## AIM OF THE EXERCISE:
Your task is to copy every line of the entries that holds the word "from".

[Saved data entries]

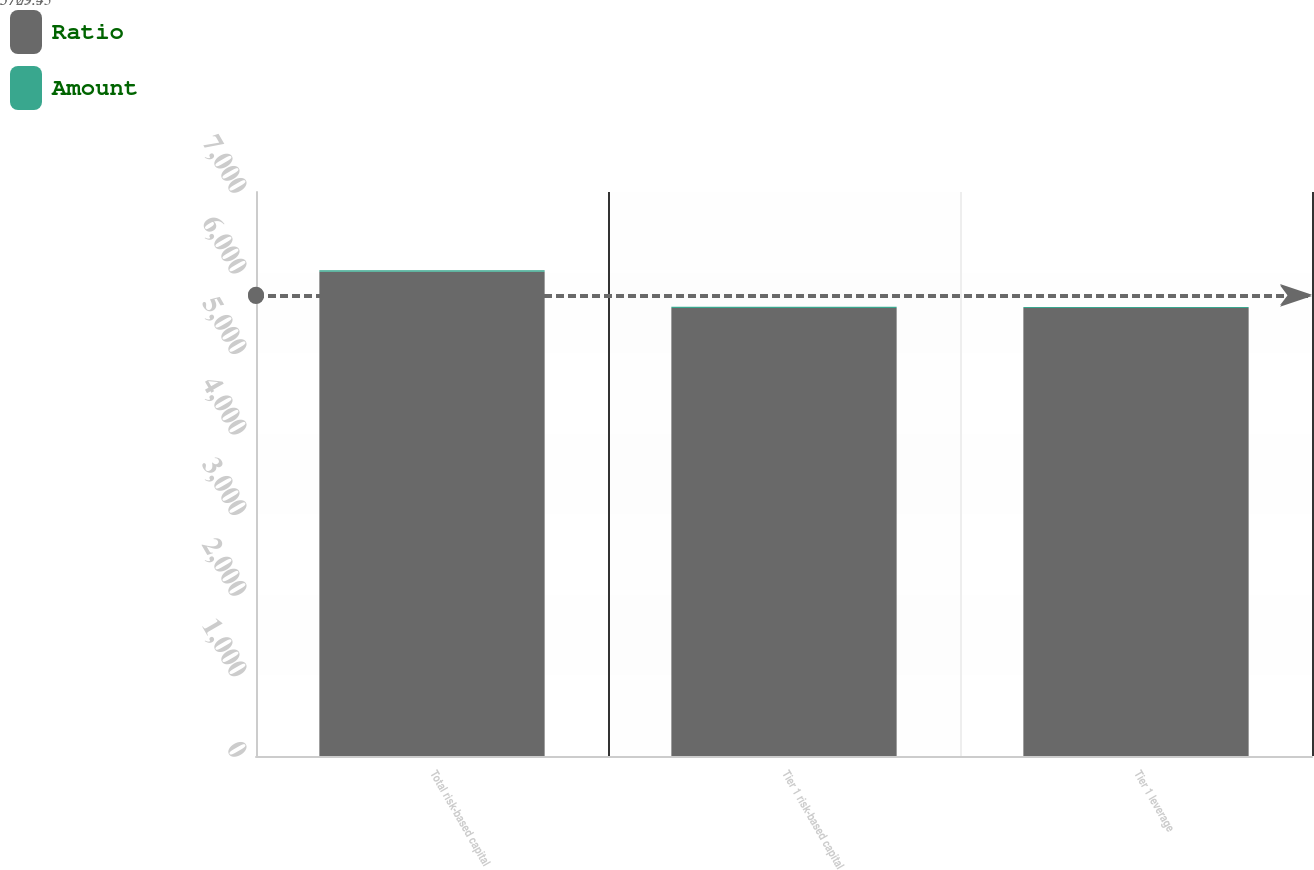Convert chart to OTSL. <chart><loc_0><loc_0><loc_500><loc_500><stacked_bar_chart><ecel><fcel>Total risk-based capital<fcel>Tier 1 risk-based capital<fcel>Tier 1 leverage<nl><fcel>Ratio<fcel>6010<fcel>5559<fcel>5559<nl><fcel>Amount<fcel>17.3<fcel>16<fcel>14.9<nl></chart> 
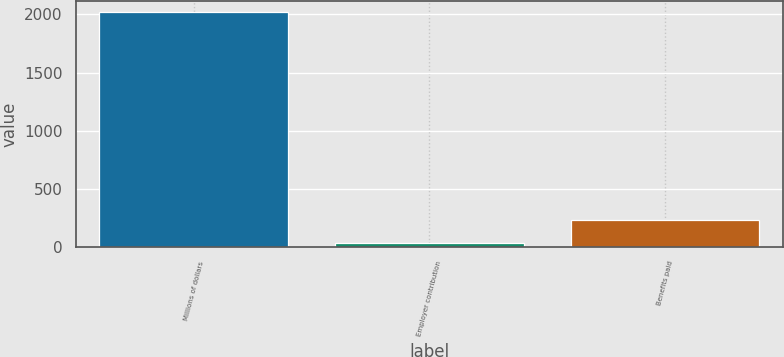Convert chart. <chart><loc_0><loc_0><loc_500><loc_500><bar_chart><fcel>Millions of dollars<fcel>Employer contribution<fcel>Benefits paid<nl><fcel>2017<fcel>40<fcel>237.7<nl></chart> 
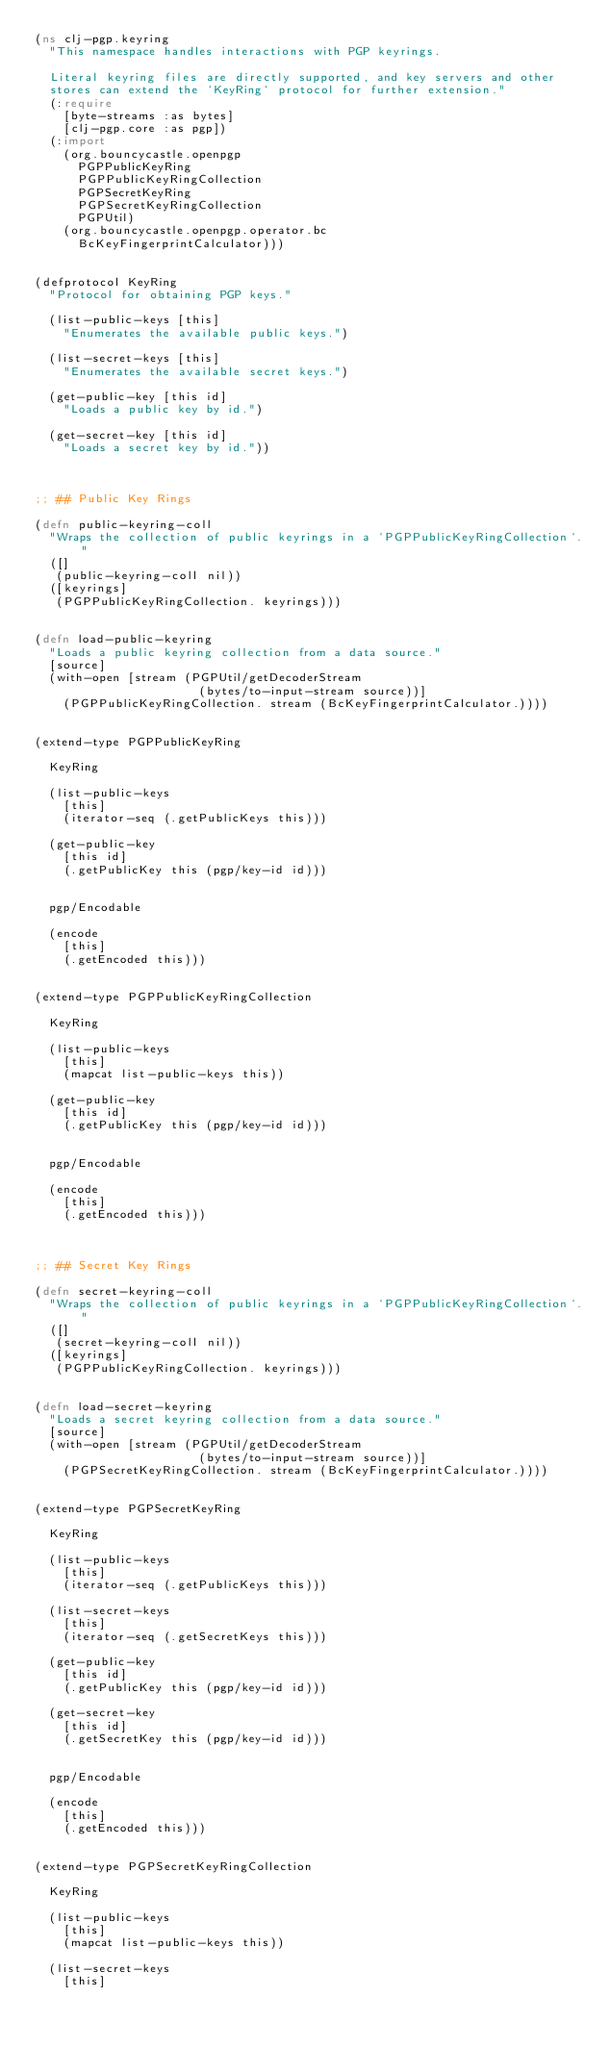Convert code to text. <code><loc_0><loc_0><loc_500><loc_500><_Clojure_>(ns clj-pgp.keyring
  "This namespace handles interactions with PGP keyrings.

  Literal keyring files are directly supported, and key servers and other
  stores can extend the `KeyRing` protocol for further extension."
  (:require
    [byte-streams :as bytes]
    [clj-pgp.core :as pgp])
  (:import
    (org.bouncycastle.openpgp
      PGPPublicKeyRing
      PGPPublicKeyRingCollection
      PGPSecretKeyRing
      PGPSecretKeyRingCollection
      PGPUtil)
    (org.bouncycastle.openpgp.operator.bc
      BcKeyFingerprintCalculator)))


(defprotocol KeyRing
  "Protocol for obtaining PGP keys."

  (list-public-keys [this]
    "Enumerates the available public keys.")

  (list-secret-keys [this]
    "Enumerates the available secret keys.")

  (get-public-key [this id]
    "Loads a public key by id.")

  (get-secret-key [this id]
    "Loads a secret key by id."))



;; ## Public Key Rings

(defn public-keyring-coll
  "Wraps the collection of public keyrings in a `PGPPublicKeyRingCollection`."
  ([]
   (public-keyring-coll nil))
  ([keyrings]
   (PGPPublicKeyRingCollection. keyrings)))


(defn load-public-keyring
  "Loads a public keyring collection from a data source."
  [source]
  (with-open [stream (PGPUtil/getDecoderStream
                       (bytes/to-input-stream source))]
    (PGPPublicKeyRingCollection. stream (BcKeyFingerprintCalculator.))))


(extend-type PGPPublicKeyRing

  KeyRing

  (list-public-keys
    [this]
    (iterator-seq (.getPublicKeys this)))

  (get-public-key
    [this id]
    (.getPublicKey this (pgp/key-id id)))


  pgp/Encodable

  (encode
    [this]
    (.getEncoded this)))


(extend-type PGPPublicKeyRingCollection

  KeyRing

  (list-public-keys
    [this]
    (mapcat list-public-keys this))

  (get-public-key
    [this id]
    (.getPublicKey this (pgp/key-id id)))


  pgp/Encodable

  (encode
    [this]
    (.getEncoded this)))



;; ## Secret Key Rings

(defn secret-keyring-coll
  "Wraps the collection of public keyrings in a `PGPPublicKeyRingCollection`."
  ([]
   (secret-keyring-coll nil))
  ([keyrings]
   (PGPPublicKeyRingCollection. keyrings)))


(defn load-secret-keyring
  "Loads a secret keyring collection from a data source."
  [source]
  (with-open [stream (PGPUtil/getDecoderStream
                       (bytes/to-input-stream source))]
    (PGPSecretKeyRingCollection. stream (BcKeyFingerprintCalculator.))))


(extend-type PGPSecretKeyRing

  KeyRing

  (list-public-keys
    [this]
    (iterator-seq (.getPublicKeys this)))

  (list-secret-keys
    [this]
    (iterator-seq (.getSecretKeys this)))

  (get-public-key
    [this id]
    (.getPublicKey this (pgp/key-id id)))

  (get-secret-key
    [this id]
    (.getSecretKey this (pgp/key-id id)))


  pgp/Encodable

  (encode
    [this]
    (.getEncoded this)))


(extend-type PGPSecretKeyRingCollection

  KeyRing

  (list-public-keys
    [this]
    (mapcat list-public-keys this))

  (list-secret-keys
    [this]</code> 
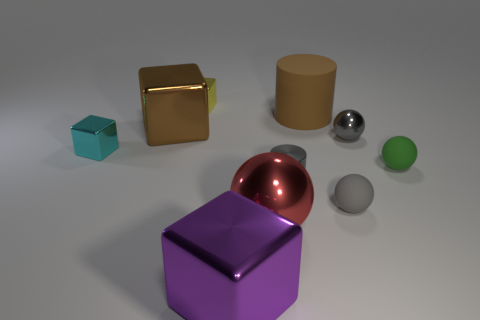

## SOLUTION TO THE PROBLEM:
  "Loads a public keyring collection from a data source."
  "Loads a secret keyring collection from a data source."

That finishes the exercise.